- Brent in his home in Havana (May 1996)
- Born: William Lee Brent 1931 Franklin, Louisiana, U.S.
- Died: November 4, 2006 (aged 75) Havana, Cuba

= William Lee Brent =

Black Panther Party member

William Lee "Bill" Brent (1931 - November 4, 2006) was an American member of the Black Panther Party and defector, best known for hijacking a passenger jet and diverting it to Cuba in 1969, where he spent the last 37 years of his life in exile.

== Biography ==
William Lee Brent was born in 1931, in Franklin, Louisiana, and when he was 13 his family moved to Oakland, California. Brent was selling drugs and committing petty crimes by the time he was in junior high school, and at age 17 he enlisted in the U.S. Army by using a fake birth certificate. He was discharged from the army after only eight months, later serving time in juvenile hall for stealing a bicycle. In 1955, he was convicted of armed robbery and auto theft, for which he spent seven years in San Quentin State Prison. On April 21, 1964, Brent married Gloria L. Harness, age 30, in Oakland.

== Black Panther Party activity ==
In November 1968, Brent and two accomplices in a van marked "Black Panther Black Community News Service" allegedly robbed a gas station in San Francisco's Bayview district of $80. Police caught up to them on Seventh Street near the Hall of Justice, prompting a shootout, where one of the officers, Lieutenant Dermott Creedon, was critically wounded. When Brent was arrested and identified as the triggerman, Eldridge Cleaver kicked him out of the Black Panther Party, accusing him of "banditry".

After his arrest, Brent was released on bail, and on June 17, 1969, he stepped onto Trans World Airlines Flight 154 from Oakland to New York City. Brent held a .38 Caliber revolver to the pilot's head, and ordered him to fly to Cuba instead.

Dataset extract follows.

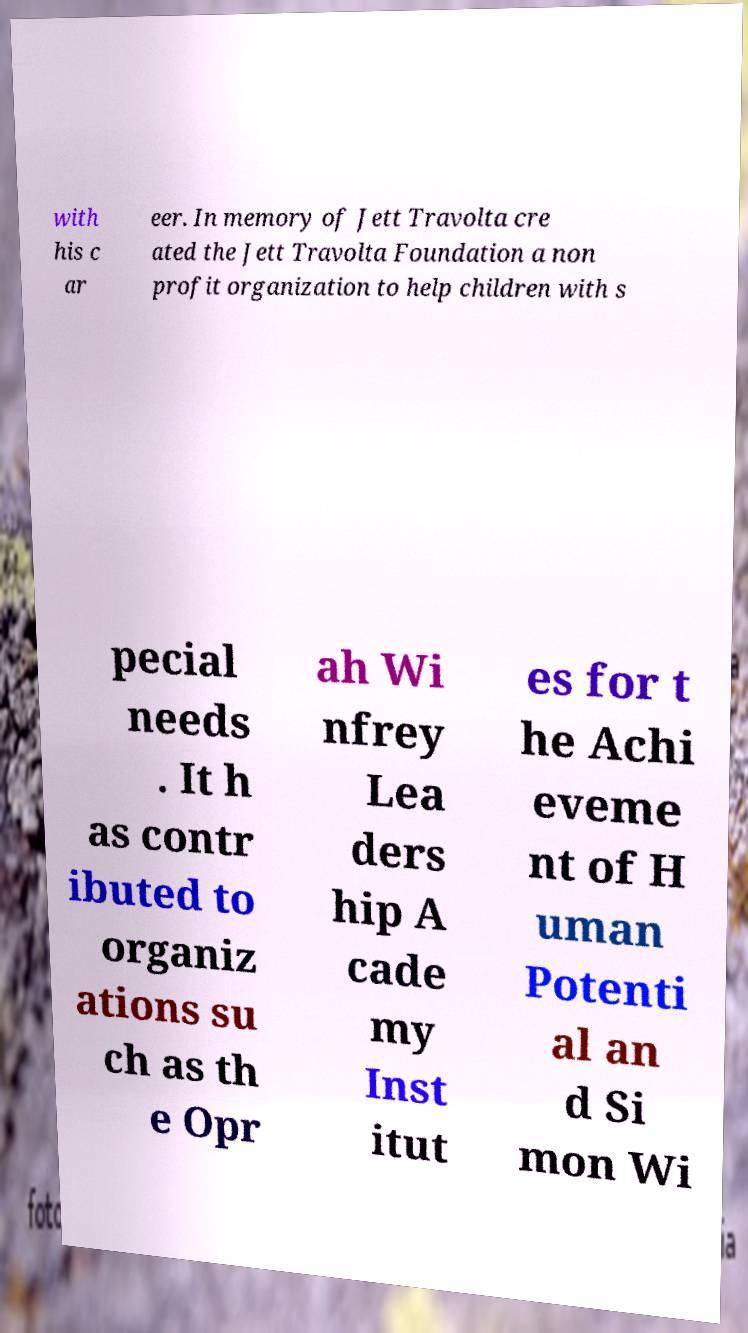Can you accurately transcribe the text from the provided image for me? with his c ar eer. In memory of Jett Travolta cre ated the Jett Travolta Foundation a non profit organization to help children with s pecial needs . It h as contr ibuted to organiz ations su ch as th e Opr ah Wi nfrey Lea ders hip A cade my Inst itut es for t he Achi eveme nt of H uman Potenti al an d Si mon Wi 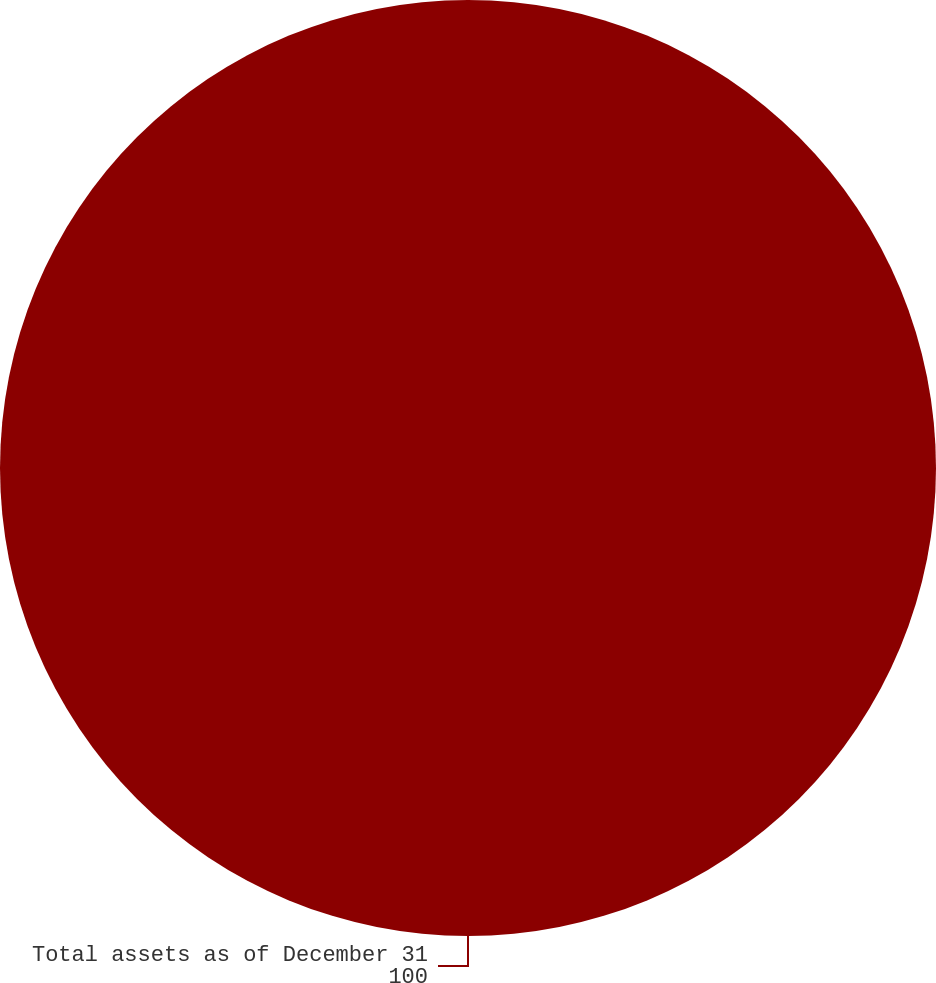Convert chart. <chart><loc_0><loc_0><loc_500><loc_500><pie_chart><fcel>Total assets as of December 31<nl><fcel>100.0%<nl></chart> 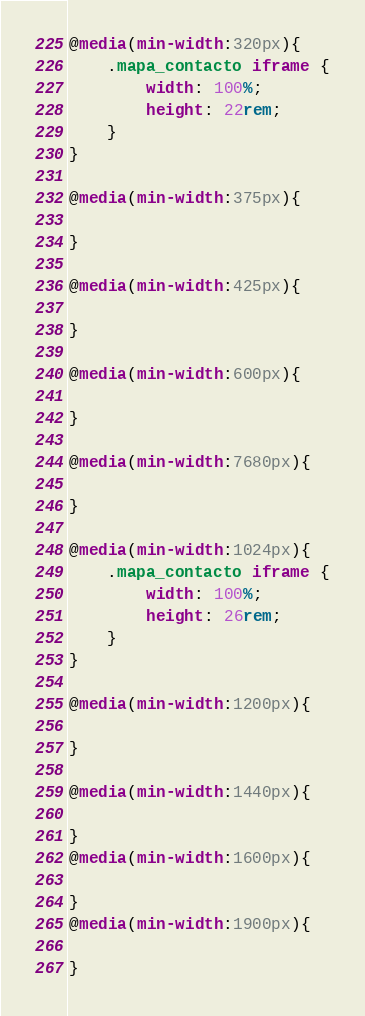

Brent spent 22 months in an immigration jail in Cuba when he arrived, and after his release he earned a Spanish literature degree from the University of Havana, and taught English at various junior and senior high schools. He never became a Cuban citizen, but remarried to travel writer Jane McManus (c. 1920–2005) whom he had met in Cuba. In a 1996 interview with the Associated Press, Brent said he missed the United States and the African-American community, but he was unwilling to return to possibly face life imprisonment for air piracy and kidnapping. Around 1996, Times Books published his memoirs, Long Time Gone (ISBN 0-595-00288-9), and for several years prior to his death Brent was working on a book about discrimination against Black people in Cuba.

== Death ==
Brent died from pneumonia on November 4, 2006, at age 75, while still living in Cuba.